I have a set of small questions about rational curves.
A rational curve is a curve birationally equivalent to $\mathbb{P}^1$. But I've also seen it said that "$X$ contains a rational curve" when there is a nonconstant (rational?) morphism $f$ from $\mathbb{P}^1$ to $X$. Does this mean that the image of $f$ is a rational curve? If so, why is that true?
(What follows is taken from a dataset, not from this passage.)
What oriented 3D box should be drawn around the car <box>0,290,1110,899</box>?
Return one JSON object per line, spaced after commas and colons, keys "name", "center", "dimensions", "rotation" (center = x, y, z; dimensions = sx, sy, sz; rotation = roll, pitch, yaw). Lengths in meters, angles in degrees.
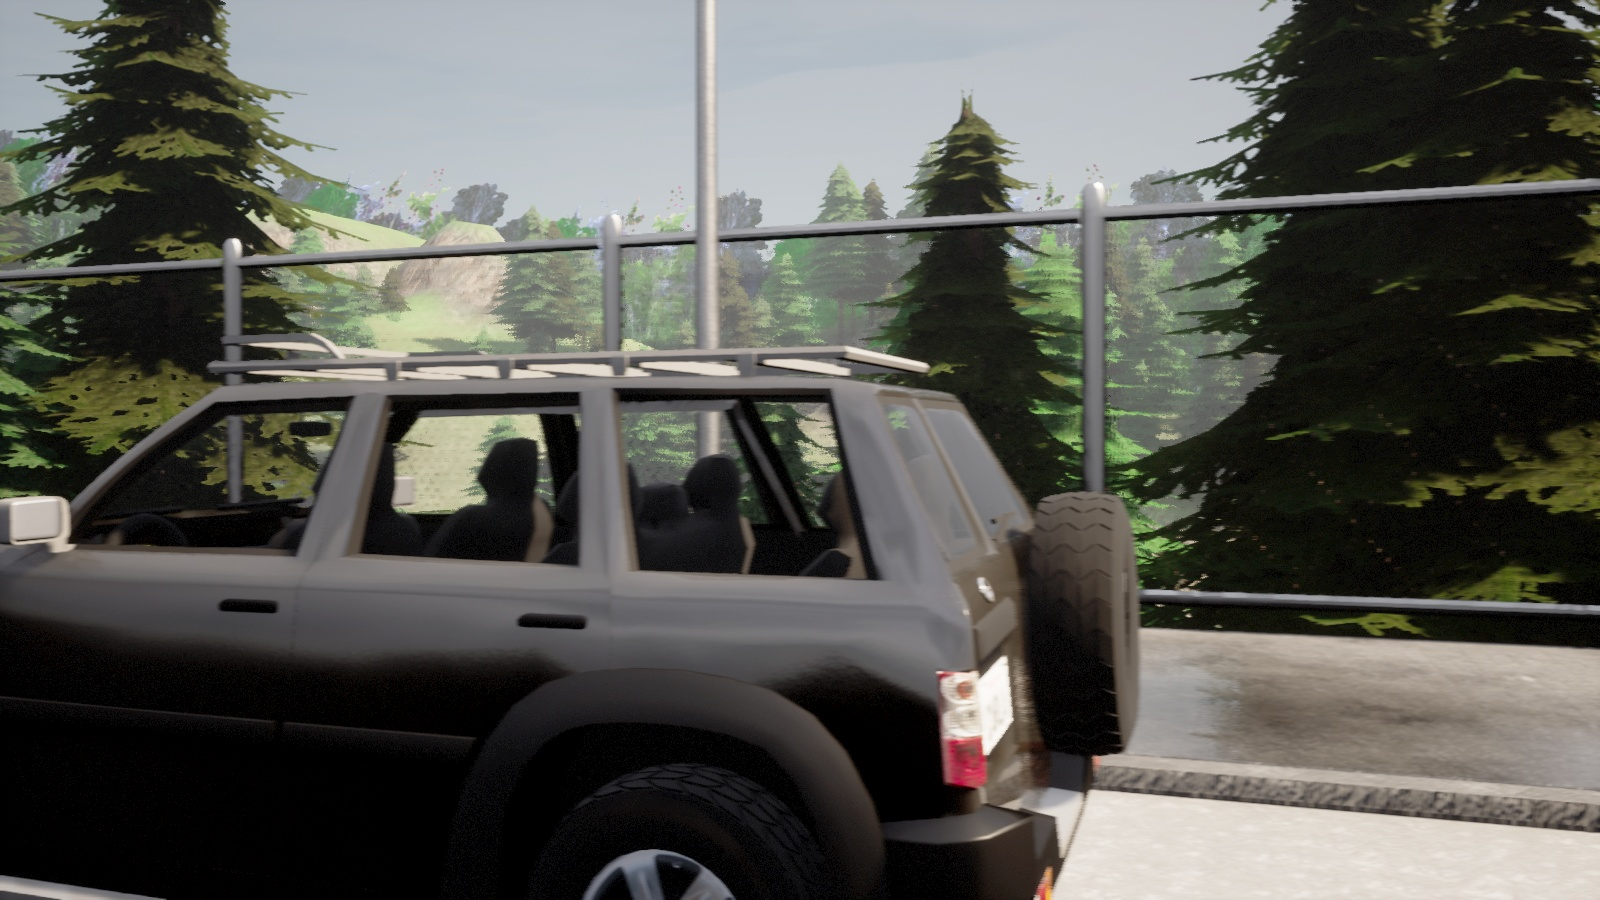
{"name": "car", "center": [-1.415, 0.571, 4.207], "dimensions": [4.605, 1.855, 1.932], "rotation": [1, 1, 19]}

Are there easy conditions that $f$ must satisfy for its image to be isomorphic to $\mathbb{P}^1$?
1) If $X,Y$ are smooth projective curve (over an algebraically closed field of any characteristic) and if $f\colon X\to Y$ is a non-constant morphism, then we have for their genera $g(X)\geq g(Y)$ (Hartshorne, Chapter IV, Example 2.5.4) so that, indeed, if $X=\mathbb P^1$ then we must have $Y=\mathbb P^1$ too .
However note carefully that $f$ needn't be an isomorphism: it could be a ramified covering of any positive degree $d$, as examplified by $$f\colon \mathbb P^1\to \mathbb P^1\colon[x:y]\mapsto [x^d:y^d] .$$
2) If you have a non constant morphism $f\colon \mathbb P^1\to Y$ where $Y$ is a projective curve which is not supposed smooth, then $Y$ is still rational but of course not isomorphic to $\mathbb P^1$ if $Y$ does have a singularity.
The simplest example is to take for $Y$ the singular plane curve (called cusp) $Y\subset \mathbb P^2$ given by the equation $y^2z=x^3$ and for $f$ its normalization (=desingularization) $$f\colon \mathbb P^1\to Y\colon [u:v]\mapsto [x:y:z]=[u^2v:u^3:v^3]$$ which is a bijective morphism but not an isomorphism.